The editorial mix of the title remains little changed - cause for complaint by some that as long ago as the mid-Nineties The Face had lost sight of who it was talking to and that even under new ownership it's still yet to get back on track. Meanwhile, sales are still struggling.

" The Face is caught between a rock and a hard place," GQ's editor Dylan Jones believes. "It can either go more mainstream, or wilfully stray off the radar. For the time being, however, it's difficult to see quite what it plans to do."

Just what The Face "should be" seems simple. It "should be" what it has always stood for: an authoritative voice on cutting edge lifestyle and fashion.

According to editor Johnny Davis, The Face has always has stood for "giving people their head". It's about doing many things - not just rock, lifestyle or fashion. And its strength lies in not disappearing up its own backside. "So many other magazines are very, very cool with a capital C, very dictatorial. I hope we do it with a sense of fun," he told The Independent earlier this year.

Yet while the brand name remains strong in advertising terms, reality for Britain's original chronicle of pop culture is a rather different matter: for The Face is struggling to appeal to younger style-setters.

"When it launched 20 years ago there were no national newspaper style sections, satellite TV, MTV or internet - all of which now conspire to do exactly the same as The Face," Mr Jones observes. "If you want to know about the latest, cutting edge designer or film director you can just as easily find this in the Saturday Telegraph Magazine."

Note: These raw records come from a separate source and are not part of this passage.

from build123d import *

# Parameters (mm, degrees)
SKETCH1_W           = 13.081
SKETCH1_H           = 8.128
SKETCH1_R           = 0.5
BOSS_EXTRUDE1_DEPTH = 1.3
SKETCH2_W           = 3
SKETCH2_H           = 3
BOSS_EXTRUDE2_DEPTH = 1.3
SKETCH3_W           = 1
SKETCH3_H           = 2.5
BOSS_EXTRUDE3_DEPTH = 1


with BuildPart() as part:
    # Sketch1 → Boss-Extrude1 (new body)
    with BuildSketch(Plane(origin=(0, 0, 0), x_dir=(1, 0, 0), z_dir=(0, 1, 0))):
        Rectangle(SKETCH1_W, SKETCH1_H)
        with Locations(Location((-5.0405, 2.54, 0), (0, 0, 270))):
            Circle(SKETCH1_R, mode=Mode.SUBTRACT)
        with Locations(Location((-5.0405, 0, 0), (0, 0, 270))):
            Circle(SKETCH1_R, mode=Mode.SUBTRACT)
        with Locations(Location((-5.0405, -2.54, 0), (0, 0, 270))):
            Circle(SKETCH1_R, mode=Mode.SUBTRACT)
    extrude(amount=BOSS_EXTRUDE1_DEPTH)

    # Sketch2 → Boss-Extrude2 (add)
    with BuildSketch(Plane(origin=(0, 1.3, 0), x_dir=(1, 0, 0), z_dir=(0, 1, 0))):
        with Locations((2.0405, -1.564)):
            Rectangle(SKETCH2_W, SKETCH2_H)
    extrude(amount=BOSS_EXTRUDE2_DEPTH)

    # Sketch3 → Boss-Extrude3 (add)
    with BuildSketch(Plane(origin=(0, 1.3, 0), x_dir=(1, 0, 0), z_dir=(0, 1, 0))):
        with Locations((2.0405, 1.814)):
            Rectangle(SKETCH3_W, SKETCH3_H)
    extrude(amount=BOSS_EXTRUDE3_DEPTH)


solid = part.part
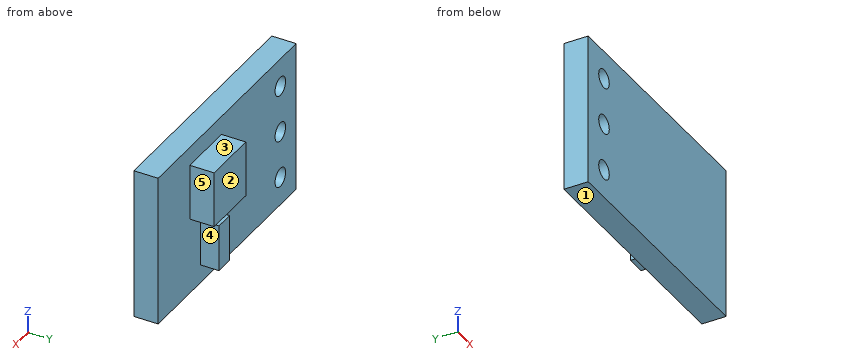
Part model, mm, in its own coordinate system. Face numbers are marked on the shaded views. A direction names the side the tool comes from. Give positions to 0.01 mm unless a question says otherwise; leave off trailing zeros. Order: outer loops, then holes, each group sorted by start corner. A loop starts at its lowest first (then second) coordinate and runs counter-clockwise, first axis right, second up. Notation, with made-up numbers: (26, 67) -> (45, 67) arc R19 cw to (45, 87) -> close; hole circle Ø2 at (10.25, 13). An arc over 180 degrees is marked (long way). Use one line per item in the form item = value.
(1) Saw through at A-A (z = 2.54). Write the cut outline in (x, y), then the cut area to 3 significant figures.
Solution:
outline = (-6.54, 0) -> (-5.54, 0) -> (-5.54, 1.3) -> (-6.54, 1.3) -> close; (-4.54, 0) -> (6.54, 0) -> (6.54, 1.3) -> (3.54, 1.3) -> (3.54, 2.6) -> (0.54, 2.6) -> (0.54, 1.3) -> (-4.54, 1.3) -> close
area = 19.6 mm²
(2) Tool access for the marked faces 1, 2, 3, 4 and 5: list every direction of +Z, -Z, +X, -X, +Y, -Y with a clear straight run to the whole face (end or side of a thin tool).
Solution:
face_1 = -Z, +X, -X, +Y, -Y
face_2 = +Z, -Z, +X, -X, +Y
face_3 = +Z, +X, -X, +Y
face_4 = -Z, +X, +Y
face_5 = +Z, -Z, +X, +Y
(3) Saw through at B-B (y = 2.1). Write the cut outline in (x, z).
Solution:
outline = (0.54, 0.06) -> (3.54, 0.06) -> (3.54, 3.06) -> (0.54, 3.06) -> close; (1.54, -3.06) -> (2.54, -3.06) -> (2.54, -0.56) -> (1.54, -0.56) -> close
(4) Drill centre lines: line 1 (X direction, y = 0.3, z = 2.54); line 2 (Y direction, x = -5, z = -1); line 3 (X direction, y = 1.9, z = 3). Where is each one in solid material? Low to high. Write a range as from..to.
Solution:
line_1 = -6.54..-5.54, -4.54..6.54
line_2 = 0..1.3
line_3 = 0.54..3.54
(5) Flat gauge pins, fed straight in: P1, Ø3, axis at x = 2, z = 0.5, coming from the -Y side; P2, Ø0.5, axis at x = 2, y = 2, coming from the -Z side; P3, Ø1, axis at x = 2, y = 2, coming from the +Z side. Where does each tip first touch, or does it go through?
Solution:
P1 = 0
P2 = -3.06
P3 = 3.06
(6) Saw through at D-D (x = -4.75). Write the cut outline in (y, z).
Solution:
outline = (0, -4.06) -> (1.3, -4.06) -> (1.3, -2.95) -> (0, -2.95) -> close; (0, -2.13) -> (1.3, -2.13) -> (1.3, -0.41) -> (0, -0.41) -> close; (0, 0.41) -> (1.3, 0.41) -> (1.3, 2.13) -> (0, 2.13) -> close; (0, 2.95) -> (1.3, 2.95) -> (1.3, 4.06) -> (0, 4.06) -> close
(7) Saw through at C-C (z = 1.5). Write the cut outline in (x, y), then the cut area to 3 significant figures.
Solution:
outline = (-6.54, 0) -> (6.54, 0) -> (6.54, 1.3) -> (3.54, 1.3) -> (3.54, 2.6) -> (0.54, 2.6) -> (0.54, 1.3) -> (-6.54, 1.3) -> close
area = 20.9 mm²

While the current position of The Face is felt by some to be more a reflection of changes in the marketplace than problems with the product itself there is, by definition, a suggestion here that as a product, it has failed to stay one step ahead.

Now, rather than re-launch the brand and risk alienating its existing core audience, Emap appears to have decided to maintain the title in its present form for its present readership while investing new efforts and resources into creating something as ground-breaking as The Face once was for today's style-conscious young consumer.

It's a formula likely to raise eyebrows - in the same way that IPC did with recent attempts to reinvent Sixties style bible Nova for a contemporary audience.

"To come up with Face 2000 you would need to do a completely different magazine covering completely different things," says Mr Jones. "Late teens and early twenty-somethings consume culture in a far more diverse manner than their predecessors. There's no virtue in reformatting what The Face does for a younger, more contemporary market." Sources suggest that Project Pop will be a monthly, agenda-setting, cutting edge lifestyle format and that its viewpoint and agenda will be what sets it apart.

Whether print remains the most appropriate medium to stand out and be different in the eyes of today's young style-makers remains to be seen, but Emap will hedge its bets by ensuring Project Pop (unlike The Face) is a brand transferable between radio, TV and new media as well as print from day one.

"There is always going to be room for something style-orientated and carefully targeted, and much of Emap's business success has come down to being in touch with much younger consumers and youth trends across a number of different media," Yvonne Scullion, who is client services director at Universal McCann, the media division of advertising agency McCann Erickson observes.

"If anyone can pull it off, I'd say Emap can." She may be right, but Emap cannot expect an open field. Already, other publishers are also exploring the potential to cash in on post-teen cutting edge culture "noughties" style, including the team behind one of The Face's young upstart rivals - Dazed and Confused.